I guess the errors are shown in red on a green background. Starring and zooming on the image I can see something at about 2:00 on side 0 and 5:00 on side 1. Then on the cleaned disk there is still something at 2:00 on side zero. It is not obvious to this color blind guy.
I’m amazed at how well the diskettes have held up over the years. I miss the days of floppies, but of course like most nostalgia if you had to truly relive it you wouldn’t want to. Some day people will look back on today’s USB SSDs and wonder how we got along on such meager storage at unusable speeds.
Yes, red shows bad sectors. Basically from 14 bad sectors on each side it went down to 1 bad sector total after cleaning.
I hated using floppies to transfer data. If it needed 10 floppies then the chance they’d all be readable without error was depressingly low. Ugh. USB flash sticks die but until they do they tend to work okay.
Mass-duplicated floppies though have held up remarkably well and in my experience tend to be readable without error over 99% of the time, as long as they had not been mishandled. I mean if the floppies are unreadable because they got physically dented, that’s not really the floppy’s fault.
I think you give rather short shrift to the wonderful joy that was the floppy disk once the issues of drives destroying disks were resolved. Compared to skipping cards or trying to guide a strip nearly the length of a football field (32K) or the general unreliability of cassettes, floppies offered amazing reliability and high speed at a very low cost. Even high end tape had its issues unless one kept up on the expensive service contract.
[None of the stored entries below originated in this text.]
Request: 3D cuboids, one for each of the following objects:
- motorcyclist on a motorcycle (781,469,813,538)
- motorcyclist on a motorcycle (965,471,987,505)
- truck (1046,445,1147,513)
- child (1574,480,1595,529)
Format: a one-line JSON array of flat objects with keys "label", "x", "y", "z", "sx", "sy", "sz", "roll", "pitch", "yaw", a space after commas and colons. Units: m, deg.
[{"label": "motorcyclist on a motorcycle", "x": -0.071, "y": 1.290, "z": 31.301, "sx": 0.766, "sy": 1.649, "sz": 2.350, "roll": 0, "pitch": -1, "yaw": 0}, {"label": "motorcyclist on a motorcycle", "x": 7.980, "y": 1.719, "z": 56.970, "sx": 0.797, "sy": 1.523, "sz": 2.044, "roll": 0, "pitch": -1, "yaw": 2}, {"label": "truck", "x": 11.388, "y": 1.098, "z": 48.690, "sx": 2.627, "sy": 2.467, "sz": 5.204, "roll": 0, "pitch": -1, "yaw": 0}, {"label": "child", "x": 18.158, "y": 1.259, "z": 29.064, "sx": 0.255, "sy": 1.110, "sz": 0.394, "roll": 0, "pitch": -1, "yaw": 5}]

I had my doubts about the wisdom of the 3.5″ high density disks with the diaphanous cookie and the loose fitting shell; the drive is still scraping a bent nail over a potato chip bag at 5 MPH.
However, I don’t think any media would survive the abuse given that disk with no risk of partial data loss short of some of the rugged bubble memory storage systems.
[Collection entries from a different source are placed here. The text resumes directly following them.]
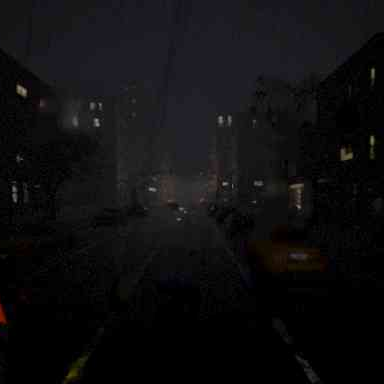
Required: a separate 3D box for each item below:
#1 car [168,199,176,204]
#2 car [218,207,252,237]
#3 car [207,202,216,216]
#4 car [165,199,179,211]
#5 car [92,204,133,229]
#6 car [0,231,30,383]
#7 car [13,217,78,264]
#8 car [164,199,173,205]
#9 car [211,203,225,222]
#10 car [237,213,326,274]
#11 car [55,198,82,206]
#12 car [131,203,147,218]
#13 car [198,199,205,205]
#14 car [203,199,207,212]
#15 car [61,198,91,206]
[{"bbox_3d":[-5.661,2.629,93.413,2.008,1.369,4.403,0,-1,0],"label":"car"},{"bbox_3d":[2.803,1.763,19.072,2.008,1.369,4.403,0,-1,0],"label":"car"},{"bbox_3d":[2.836,1.981,35.617,1.802,1.307,4.206,0,-1,0],"label":"car"},{"bbox_3d":[-2.990,2.141,51.489,1.994,1.385,4.181,0,0,0],"label":"car"},{"bbox_3d":[-5.800,1.815,23.701,2.008,1.369,4.403,0,-1,0],"label":"car"},{"bbox_3d":[-3.098,1.374,1.862,2.097,1.767,4.553,0,-1,0],"label":"car"},{"bbox_3d":[-5.748,1.665,12.466,1.752,1.417,4.829,1,-1,0],"label":"car"},{"bbox_3d":[-5.754,2.500,83.311,1.887,1.381,4.507,0,-1,0],"label":"car"},{"bbox_3d":[2.834,1.863,26.617,1.947,1.339,4.313,0,-1,0],"label":"car"},{"bbox_3d":[2.761,1.646,10.852,1.752,1.417,4.829,0,-1,0],"label":"car"},{"bbox_3d":[-22.520,1.842,60.694,4.181,1.385,1.994,1,-1,-1],"label":"car"},{"bbox_3d":[-5.803,1.827,34.520,1.967,1.590,4.097,0,-1,0],"label":"car"},{"bbox_3d":[2.829,2.380,82.088,1.967,1.590,4.097,0,-1,0],"label":"car"},{"bbox_3d":[2.838,2.046,44.619,1.887,1.381,4.507,0,-1,0],"label":"car"},{"bbox_3d":[-19.982,1.818,57.964,4.507,1.381,1.887,1,-2,0],"label":"car"}]

There have always been rumors that the floppy media sold in the 1990s (what I’m familiar with) were much lower quality than the earlier disks. I don’t know if it’s true because I have no experience using floppies in the 1980s.
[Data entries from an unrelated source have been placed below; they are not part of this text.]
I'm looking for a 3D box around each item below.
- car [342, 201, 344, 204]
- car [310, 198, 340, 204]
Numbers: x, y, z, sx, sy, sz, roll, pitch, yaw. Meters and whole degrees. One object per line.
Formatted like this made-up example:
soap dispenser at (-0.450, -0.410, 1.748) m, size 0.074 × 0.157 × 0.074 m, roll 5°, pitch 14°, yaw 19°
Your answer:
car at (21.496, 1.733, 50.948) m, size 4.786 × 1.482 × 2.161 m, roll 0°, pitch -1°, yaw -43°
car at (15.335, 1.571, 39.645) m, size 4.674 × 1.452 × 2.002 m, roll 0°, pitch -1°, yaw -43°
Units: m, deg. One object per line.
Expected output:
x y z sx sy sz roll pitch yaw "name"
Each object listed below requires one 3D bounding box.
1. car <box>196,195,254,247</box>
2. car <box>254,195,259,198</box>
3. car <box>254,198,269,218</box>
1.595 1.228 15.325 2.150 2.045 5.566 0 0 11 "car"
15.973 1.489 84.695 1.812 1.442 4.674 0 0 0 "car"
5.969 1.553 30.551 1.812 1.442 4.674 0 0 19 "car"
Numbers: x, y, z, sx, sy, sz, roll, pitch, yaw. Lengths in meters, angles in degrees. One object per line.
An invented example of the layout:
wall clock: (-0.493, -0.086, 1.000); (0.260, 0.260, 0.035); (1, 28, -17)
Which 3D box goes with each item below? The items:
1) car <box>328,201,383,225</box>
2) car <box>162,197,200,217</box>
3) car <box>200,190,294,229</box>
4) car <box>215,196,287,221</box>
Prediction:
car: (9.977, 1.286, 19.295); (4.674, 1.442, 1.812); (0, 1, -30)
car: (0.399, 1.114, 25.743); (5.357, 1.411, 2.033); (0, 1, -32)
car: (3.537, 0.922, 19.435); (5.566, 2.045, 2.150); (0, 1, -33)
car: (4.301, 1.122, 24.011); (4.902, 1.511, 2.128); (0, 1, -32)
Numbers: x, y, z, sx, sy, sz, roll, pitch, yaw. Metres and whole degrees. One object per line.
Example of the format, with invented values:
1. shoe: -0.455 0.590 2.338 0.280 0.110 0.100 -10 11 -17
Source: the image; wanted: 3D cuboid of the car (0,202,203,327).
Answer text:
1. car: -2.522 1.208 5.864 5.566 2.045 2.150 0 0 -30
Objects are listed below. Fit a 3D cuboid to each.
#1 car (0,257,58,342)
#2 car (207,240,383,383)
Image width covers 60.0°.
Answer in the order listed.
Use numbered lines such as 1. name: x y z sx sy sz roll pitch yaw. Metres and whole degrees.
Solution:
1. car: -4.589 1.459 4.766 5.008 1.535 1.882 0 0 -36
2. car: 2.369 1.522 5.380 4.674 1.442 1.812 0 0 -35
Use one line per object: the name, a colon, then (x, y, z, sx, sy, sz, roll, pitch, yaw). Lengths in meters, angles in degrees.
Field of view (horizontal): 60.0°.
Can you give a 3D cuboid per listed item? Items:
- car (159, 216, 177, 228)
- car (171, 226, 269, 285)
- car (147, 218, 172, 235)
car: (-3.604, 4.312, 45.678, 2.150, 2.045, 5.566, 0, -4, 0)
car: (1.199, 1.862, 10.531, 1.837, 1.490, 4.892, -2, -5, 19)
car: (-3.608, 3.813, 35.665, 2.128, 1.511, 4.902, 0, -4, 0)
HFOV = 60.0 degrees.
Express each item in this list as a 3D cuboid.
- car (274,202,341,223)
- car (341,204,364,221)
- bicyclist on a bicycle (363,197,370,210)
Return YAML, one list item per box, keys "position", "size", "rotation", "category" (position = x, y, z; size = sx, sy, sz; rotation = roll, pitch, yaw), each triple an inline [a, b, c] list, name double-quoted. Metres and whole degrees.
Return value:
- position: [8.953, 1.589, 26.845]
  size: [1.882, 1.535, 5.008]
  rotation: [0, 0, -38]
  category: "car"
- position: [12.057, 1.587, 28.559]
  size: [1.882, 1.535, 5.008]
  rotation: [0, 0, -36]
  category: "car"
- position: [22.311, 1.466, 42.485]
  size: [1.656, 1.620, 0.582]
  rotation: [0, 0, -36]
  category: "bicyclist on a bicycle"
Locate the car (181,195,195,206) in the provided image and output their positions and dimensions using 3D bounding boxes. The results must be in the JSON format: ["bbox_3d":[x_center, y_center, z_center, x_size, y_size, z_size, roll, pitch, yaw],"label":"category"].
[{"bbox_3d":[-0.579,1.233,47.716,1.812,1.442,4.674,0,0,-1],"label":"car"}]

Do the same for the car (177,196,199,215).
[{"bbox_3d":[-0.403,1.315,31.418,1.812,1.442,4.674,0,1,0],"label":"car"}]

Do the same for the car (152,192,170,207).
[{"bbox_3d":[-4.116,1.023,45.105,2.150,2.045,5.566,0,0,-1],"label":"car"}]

What’s pretty obvious is that if you have 10 floppies, the probability of an error is 10 times higher than with one floppy. I am sure that colors my perception, because I used floppies in an era where even one 1.44M floppy just was not that big.
Another issue is that as we all know, all floppy drives aren’t the same, so it’s possible that a disk will read/write just fine in one system, but not when it’s written on one machine and read on a different one.
I have absolutely no doubt that given the choice, a floppy is far superior to punch cards, paper tape, or cassette. I have used 8-bit micros with cassette tape and although I don’t remember the tape being particularly unreliable, managing data on a tape is a nightmare.
The standard defines a difference between double density and high density disks in the thickness of the coating. 3.5″ DD had a coating of 1.9 micrometers while HD only had a coating of .9 micrometers. A thicker coating typically survives wear longer.
The issue with newer (say 2000 or later) budget floppies can be seen by squeezing the disk shell. The newer disk is more likely to have the seam between halves of the shell open up than a disk made in 1990. Increased infiltration of debris equals shorter life span. There were also a large number of translucent disks made during the peak of iMac mania that removed nearly all the lining. Looked great but failed fast. Admittedly, even the worse quality 3.5″ disks remained better than the bottom barrel 3″ disks.
Cassette tape has similar problems as floppies did for data interchange. The two cassette decks needed matching azimuth and tape speed. Couple that with a dropout lasting a millisecond (perfectly acceptable for audio) would lead to a lost bit and the data transfer gets interesting. Even more fun, some CPU driven bit banging routines could only accept a few cycles variation in timing per second or the cumulative errors would lead to lost data with longer files. Tape validation software existed but who was going spend hours doing a test format before using a tape for storage. Improvements in cassette production and better storage routines did lead to a more reliable cassette experience but it took time.